Exercise directions. Lines holding the word "outData" are the ones to copy from the data below.
:::::
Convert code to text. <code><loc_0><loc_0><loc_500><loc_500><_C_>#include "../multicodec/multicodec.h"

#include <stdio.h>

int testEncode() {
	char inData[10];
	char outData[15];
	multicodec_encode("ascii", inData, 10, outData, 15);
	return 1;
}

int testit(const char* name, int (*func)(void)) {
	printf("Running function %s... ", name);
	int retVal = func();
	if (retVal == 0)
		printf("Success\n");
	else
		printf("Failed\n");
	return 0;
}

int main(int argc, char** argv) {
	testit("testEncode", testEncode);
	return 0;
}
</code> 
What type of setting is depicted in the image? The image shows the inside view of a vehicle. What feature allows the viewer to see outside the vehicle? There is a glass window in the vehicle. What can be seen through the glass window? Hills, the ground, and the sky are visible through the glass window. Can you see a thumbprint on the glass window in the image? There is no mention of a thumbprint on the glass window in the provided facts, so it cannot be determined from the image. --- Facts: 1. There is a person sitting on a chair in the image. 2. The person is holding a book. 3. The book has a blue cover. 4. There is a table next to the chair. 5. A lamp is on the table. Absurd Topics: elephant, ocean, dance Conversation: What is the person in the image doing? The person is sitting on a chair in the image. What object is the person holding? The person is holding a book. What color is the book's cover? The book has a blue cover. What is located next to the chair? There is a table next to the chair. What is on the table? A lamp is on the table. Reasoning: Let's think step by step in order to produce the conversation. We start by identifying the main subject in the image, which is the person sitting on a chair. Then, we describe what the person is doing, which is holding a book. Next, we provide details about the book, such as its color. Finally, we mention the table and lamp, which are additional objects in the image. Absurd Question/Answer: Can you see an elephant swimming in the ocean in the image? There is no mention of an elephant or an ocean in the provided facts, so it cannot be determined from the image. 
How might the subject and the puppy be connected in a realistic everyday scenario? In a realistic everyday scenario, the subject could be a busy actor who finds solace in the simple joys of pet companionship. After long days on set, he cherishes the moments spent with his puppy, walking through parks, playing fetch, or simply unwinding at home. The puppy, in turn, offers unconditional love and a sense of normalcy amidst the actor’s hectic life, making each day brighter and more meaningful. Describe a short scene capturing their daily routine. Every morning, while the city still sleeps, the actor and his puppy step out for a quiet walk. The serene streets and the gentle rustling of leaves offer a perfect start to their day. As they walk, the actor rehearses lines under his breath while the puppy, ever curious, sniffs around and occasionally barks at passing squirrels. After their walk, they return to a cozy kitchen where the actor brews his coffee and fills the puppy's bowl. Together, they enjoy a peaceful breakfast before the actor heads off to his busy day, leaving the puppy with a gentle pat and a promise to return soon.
:::::
Solved exercise.
	char outData[15];
	multicodec_encode("ascii", inData, 10, outData, 15);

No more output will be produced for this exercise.